In general they have too much here's-an-example and too little here's-why. Also, a lot of here's-a-tenth-way-you-can-do-X and not enough in-Scala-approach-eight-is-best-because.
Maybe it's the fact that I'm looking at tutorials and not more in depth articles. I'd love to find an "Effective Java" quality text for Scala. Maybe the language is not mature enough yet for such a treatment.
But something like a "best practices" would be most welcome.
> Perhaps you've missed 20 years of IP/techno/legal arms > race around CDs and DVDs? If you missed this gem > by Mark Pilgrim, you ought to check it out: > >
Lending and transferring only work so long as copying one-off's is laborious, too laborious to pay off. You make it sound like the DRM attempts have lots of new ideas, but from the broader perspective I think copying is getting easier rather than harder. I talk about it more here:
My second computer, back in the 80's, was a clone of the Apple II. Since the hardware was less diverse back then, a lot of software got away with tricks like "half tracks" on their floppy disks. The half tracks idea is that software tells the drive head to start moving and then interrupts it before it gets to the target, thus leaving the head in between standard tracks. Standard disk software would not understand data written to these half tracks and so could not copy the disk.
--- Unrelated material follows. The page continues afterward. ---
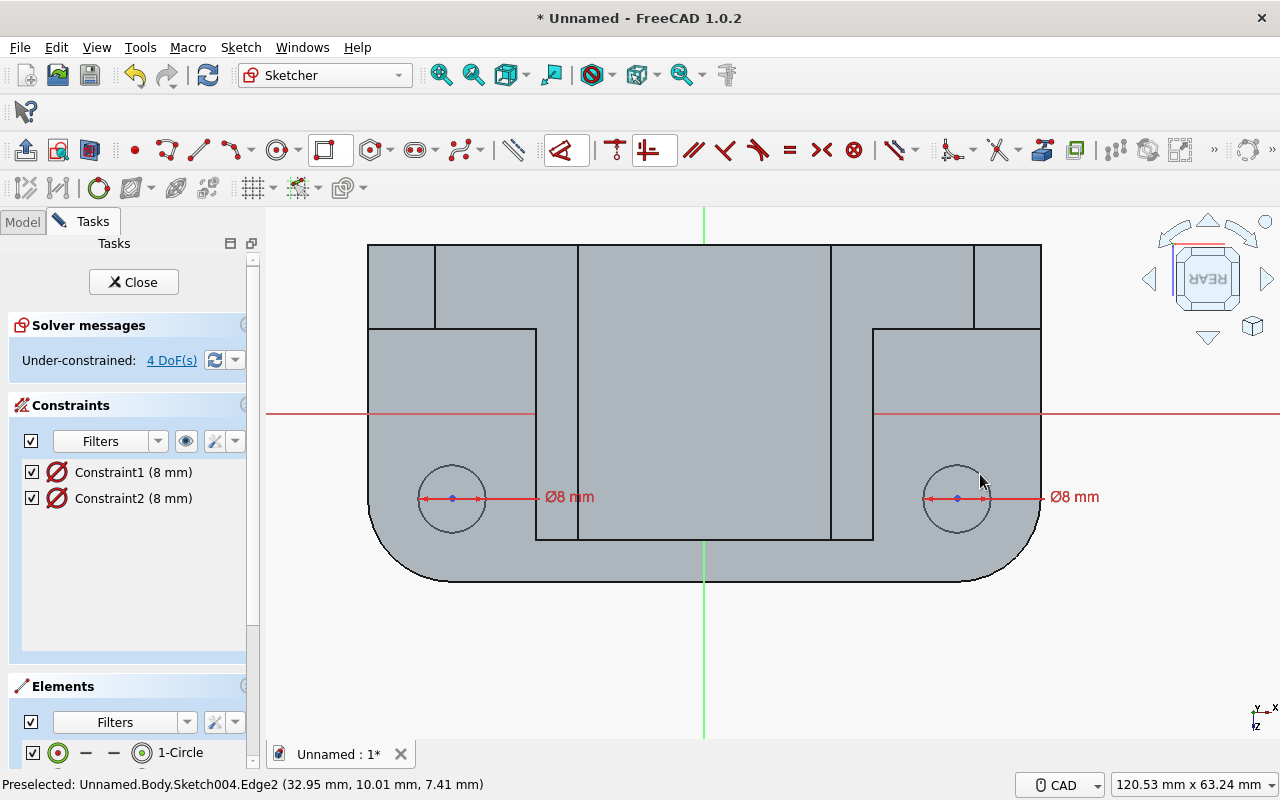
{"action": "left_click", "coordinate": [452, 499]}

It didn't really work, though. It was not only possible to copy these disks, but my computer came with software to help you do it. It had built-in rules for hundreds of popular titles, and it had a workbench mode where you could hack your own floppies. The trend since then has been for hardware to get more diverse, not less.
Anyway, you're right that I don't know all the tricks, and maybe I have overlooked a good one. My impression, though, is that copying is easy enough even with the best DRM that we should probably not try. Thus, it feels right that artima is going that way with it. It means our distribution jives with the fundamentals. If you have a weirdo projector displaying stuff on the ceiling over your bed, then go right ahead. Play the Scala book on your ceiling.
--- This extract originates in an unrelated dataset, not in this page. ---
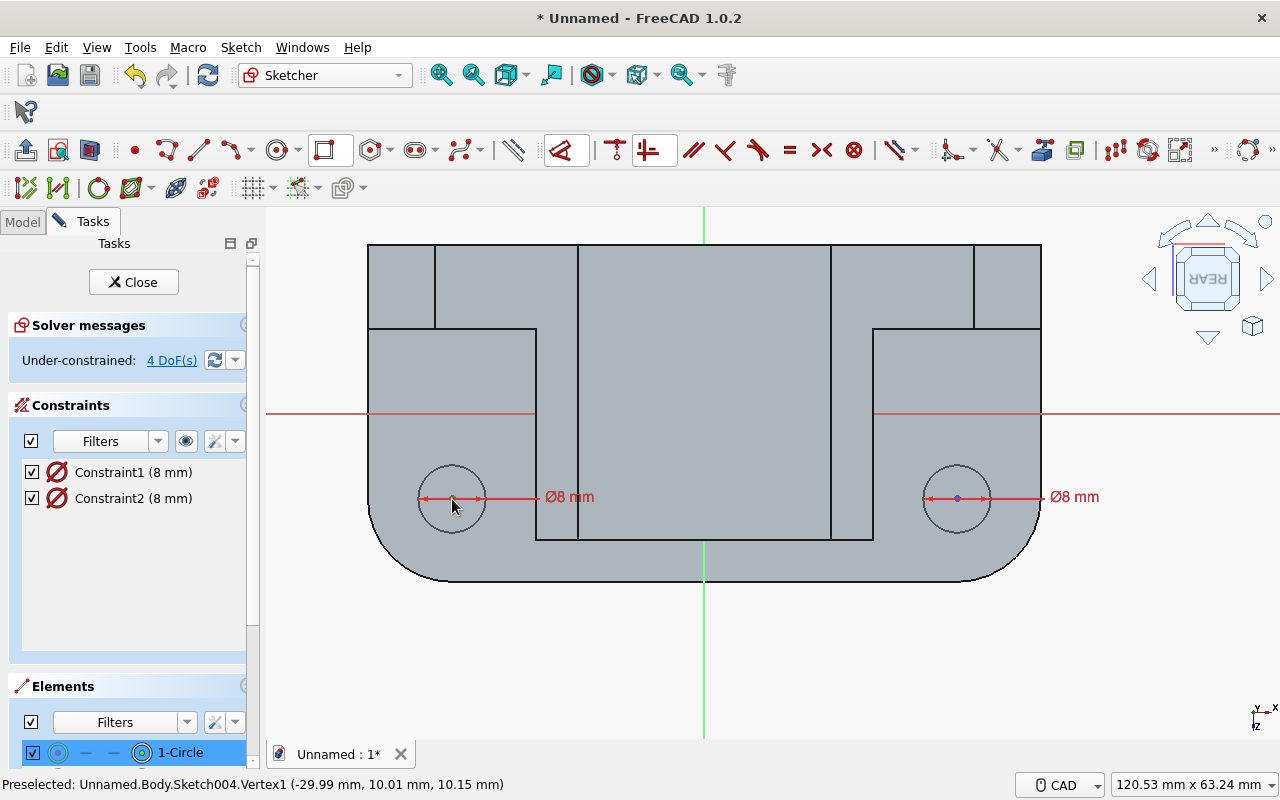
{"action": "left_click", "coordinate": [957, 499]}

You missed my point, which was precisely that technical controls against duplication are inevitably worthless, and that, therefore, copying is inevitable. I meant to imply that adding arbitrary legal restrictions (versus CDs and DVDs) are not sensible in this medium ("eBooks"). You're allowed to resell CDs and DVDs, i.e., you're allowed to transfer the right to view.
> What is the best place to report issues with the book? > This forum? > If you find a typo or other errata, or find something confusing, or out of order--pretty much any kind of suggestion other than formatting problems--please click on the Suggest link at the bottom of the eBook. That will take you to a form where you can type in your comment. The good thing about doing it that way is we get the page and version number associated with your comment automatically, so we can more dependably find the spot in the manuscript that you're talking about. A lot of readers have done that already, and it has been very helpful. So we encourage you to do so as well. You can help us make the book the best it can be.